The Important Steps in a Data Science Project
Every successful project starts from a plan. The key steps in data science have a lot in common with the concepts seen in simulation tools.
To me, life is full of seemingly minor events that, in retrospect, end up having an outsized impact on how we think. This post is a story of how one of these specific events has influenced me. I recall many details from my Introduction to Finite Element Analysis class’s first lecture, but especially the professor’s digression on the three main tasks: preprocessing, solving, and post-processing. Each step was unique but interwoven in the overarching analysis, and most importantly each of the steps introduced its own inaccuracies. An effective finite element analyst must be proficient in all three facets. Over time, I realized that I began to see this conceptual three step flow as general pattern in all my activities: something is prepared, something is made, and something is presented. Data science projects are no different, and within data science the steps have the established names of preparation, analysis, and visualization. Just as with finite elements, a successful data scientist needs to master all three areas.
Although the line is often blurry, simulation software offerings typical provide modular solutions to the three-step process. Predictably, the same modularity is seen in data science software. The remainder of this article walks through the parallels between these two worlds using Altair’s Simulation and Data Analytics solutions.
The first step is preprocessing. For simulations like finite elements, this most frequently means importing the raw geometry data and modifying it for the number crunching of the next phase. Time is spent fixing bad geometry, simplifying geometric features that don’t affect the solution, and general organization. It is worth noting that the tasks involved are very labor intensive and consequently there is a high value placed on automation to save time and effort. With data science, this first step often involves tasks like cleaning bad or missing data, ignoring data channels that don’t contribute to further insight, and data engineering to organize disparate sources. The image below shows snapshots of examples of the cleanup steps in both Altair’s HyperMesh and Monarch.
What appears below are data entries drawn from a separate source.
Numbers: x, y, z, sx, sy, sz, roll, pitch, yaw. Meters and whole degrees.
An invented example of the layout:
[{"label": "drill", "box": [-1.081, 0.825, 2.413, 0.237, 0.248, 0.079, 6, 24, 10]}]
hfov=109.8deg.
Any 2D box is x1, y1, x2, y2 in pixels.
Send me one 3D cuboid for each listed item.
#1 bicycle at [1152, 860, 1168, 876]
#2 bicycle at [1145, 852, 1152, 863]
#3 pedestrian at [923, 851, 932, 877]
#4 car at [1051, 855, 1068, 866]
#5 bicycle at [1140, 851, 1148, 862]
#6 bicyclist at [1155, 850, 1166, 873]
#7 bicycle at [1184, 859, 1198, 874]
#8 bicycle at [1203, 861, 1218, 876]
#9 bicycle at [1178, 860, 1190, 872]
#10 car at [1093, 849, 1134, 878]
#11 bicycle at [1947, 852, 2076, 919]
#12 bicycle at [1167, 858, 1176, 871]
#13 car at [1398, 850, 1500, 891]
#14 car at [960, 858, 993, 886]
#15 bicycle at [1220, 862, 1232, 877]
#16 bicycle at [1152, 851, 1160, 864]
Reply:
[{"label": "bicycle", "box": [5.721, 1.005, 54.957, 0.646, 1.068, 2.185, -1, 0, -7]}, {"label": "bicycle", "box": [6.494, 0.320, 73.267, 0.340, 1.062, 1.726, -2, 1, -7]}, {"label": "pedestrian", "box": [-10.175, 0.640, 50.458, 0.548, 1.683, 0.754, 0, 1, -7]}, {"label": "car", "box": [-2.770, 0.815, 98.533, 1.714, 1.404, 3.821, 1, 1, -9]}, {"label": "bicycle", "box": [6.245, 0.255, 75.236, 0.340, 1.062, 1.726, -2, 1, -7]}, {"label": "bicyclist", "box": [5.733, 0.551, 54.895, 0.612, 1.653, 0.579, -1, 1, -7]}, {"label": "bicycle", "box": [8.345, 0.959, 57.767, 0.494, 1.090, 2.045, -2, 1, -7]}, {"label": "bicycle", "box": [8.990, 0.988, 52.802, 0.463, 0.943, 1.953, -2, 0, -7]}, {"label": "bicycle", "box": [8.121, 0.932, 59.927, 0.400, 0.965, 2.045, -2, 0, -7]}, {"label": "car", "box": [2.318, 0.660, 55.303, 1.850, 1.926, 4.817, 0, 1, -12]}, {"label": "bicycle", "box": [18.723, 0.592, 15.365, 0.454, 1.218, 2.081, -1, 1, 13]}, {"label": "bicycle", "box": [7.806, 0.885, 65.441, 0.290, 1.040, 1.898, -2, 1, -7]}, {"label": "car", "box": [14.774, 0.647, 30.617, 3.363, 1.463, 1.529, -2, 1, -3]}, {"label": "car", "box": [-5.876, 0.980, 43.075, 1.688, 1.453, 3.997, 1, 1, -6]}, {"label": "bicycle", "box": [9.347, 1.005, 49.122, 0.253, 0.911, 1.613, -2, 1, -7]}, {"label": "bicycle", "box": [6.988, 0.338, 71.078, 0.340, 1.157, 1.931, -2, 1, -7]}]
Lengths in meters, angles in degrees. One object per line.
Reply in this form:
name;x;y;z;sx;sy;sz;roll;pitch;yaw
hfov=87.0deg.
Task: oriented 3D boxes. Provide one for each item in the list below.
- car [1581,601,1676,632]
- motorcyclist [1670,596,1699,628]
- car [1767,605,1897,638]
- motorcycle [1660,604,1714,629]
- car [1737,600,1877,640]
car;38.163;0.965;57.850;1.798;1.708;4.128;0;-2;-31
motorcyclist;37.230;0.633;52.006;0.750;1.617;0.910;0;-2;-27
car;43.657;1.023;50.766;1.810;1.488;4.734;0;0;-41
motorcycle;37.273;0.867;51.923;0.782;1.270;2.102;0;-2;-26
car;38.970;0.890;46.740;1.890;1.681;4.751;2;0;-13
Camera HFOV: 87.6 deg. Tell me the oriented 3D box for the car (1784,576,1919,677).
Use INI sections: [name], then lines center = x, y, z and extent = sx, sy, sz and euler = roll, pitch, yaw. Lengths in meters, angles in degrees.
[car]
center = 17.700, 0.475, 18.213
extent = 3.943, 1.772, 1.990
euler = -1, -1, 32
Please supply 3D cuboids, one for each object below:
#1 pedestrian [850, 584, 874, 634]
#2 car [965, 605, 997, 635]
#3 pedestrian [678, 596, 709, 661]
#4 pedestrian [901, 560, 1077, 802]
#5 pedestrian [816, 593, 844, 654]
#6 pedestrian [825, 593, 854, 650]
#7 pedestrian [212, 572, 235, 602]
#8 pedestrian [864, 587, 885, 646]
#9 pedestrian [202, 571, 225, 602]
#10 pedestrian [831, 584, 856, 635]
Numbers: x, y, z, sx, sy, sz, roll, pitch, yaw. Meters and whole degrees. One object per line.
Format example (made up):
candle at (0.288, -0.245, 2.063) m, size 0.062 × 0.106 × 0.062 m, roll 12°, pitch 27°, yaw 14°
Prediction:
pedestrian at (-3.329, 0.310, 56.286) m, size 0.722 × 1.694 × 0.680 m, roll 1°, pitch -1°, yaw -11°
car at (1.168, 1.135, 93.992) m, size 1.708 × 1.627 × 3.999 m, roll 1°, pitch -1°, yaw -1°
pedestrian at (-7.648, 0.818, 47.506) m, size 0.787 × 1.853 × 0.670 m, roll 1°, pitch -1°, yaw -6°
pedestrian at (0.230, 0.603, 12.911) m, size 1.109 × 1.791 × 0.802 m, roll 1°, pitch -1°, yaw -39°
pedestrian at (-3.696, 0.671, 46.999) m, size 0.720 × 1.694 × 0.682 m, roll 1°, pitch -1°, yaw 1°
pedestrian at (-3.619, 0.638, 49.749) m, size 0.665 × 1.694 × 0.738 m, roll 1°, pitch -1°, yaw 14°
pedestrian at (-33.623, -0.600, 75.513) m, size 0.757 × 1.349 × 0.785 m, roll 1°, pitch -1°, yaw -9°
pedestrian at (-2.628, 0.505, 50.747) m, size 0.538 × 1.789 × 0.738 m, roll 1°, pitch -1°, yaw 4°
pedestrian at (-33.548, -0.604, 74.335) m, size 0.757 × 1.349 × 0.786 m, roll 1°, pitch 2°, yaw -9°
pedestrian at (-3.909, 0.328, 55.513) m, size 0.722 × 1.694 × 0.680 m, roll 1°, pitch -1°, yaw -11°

The next step is solving, aka performing the main numerical analysis. For engineering analysts, this means running a physics simulation code such as Radioss for structural dynamics or FEKO for electromagnetics. Each solver comes with a collection of settings and options to tune the solution’s accuracy and efficiency. The corresponding heavy computational analysis in data science often comes in the form of training machine leaning models on the prepared data. While these powerful algorithms learn from data without explicit programming, they do come with their own sets of settings and options that can dramatically affect the results. The use of mass scaling in explicit finite elements and the learning rate of a neural network may have more in common that you previously imagined. Knowledge Studio enables users to quickly, repeatedly, and reliably setup and train machine models with an easy to use workflow diagram interface seen below.
Finally, we get to postprocessing. This is ultimately why we setup and analyzed our problem; we want to see results. More specifically, this means we need specialized tools to visualize the results in a way that gives us insight. The raw outputs of a structural analysis are rarely useful when tabulated into row and columns of displacements and stresses at each node or element. Instead, it is much more valuable to see the analysis come to life by animating it on a contoured 3D geometric representation. Similarly, data analytics results are presented with plots and charts rather than raw numbers such as the training weights of a neural network or polynomial coefficients of a regression model. The image below shows a comparison of the post-processing software offerings HyperView and Panopticon for finite element and data analytics, respectively.
I also mentioned earlier that each step of the process can introduce errors. Finite element modeling errors are quite distinct from the numerical analysis errors. Analogously in the data world, the inaccuracies of a predictive model are conceptually separate from issues with improperly cleaned data. And of course, in either scenario, not knowing what to look for in the visualizations can be its own source of error. To be effective, all those sources of inaccuracies must be understood and minimized to see success.
I mentioned that I see this three step patten everywhere, even in my kitchen: I prepare the meal, cook it, and then present it at the table. Regardless of my silly obsession with finding this pattern, I have found that seeing data analytics through the lens of this same three step process I was taught in school has really helped me understand the role of each software in Altair’s data analytics offering much more clearly. I’d love to hear your thoughts on the data science process and how it can fit into your work.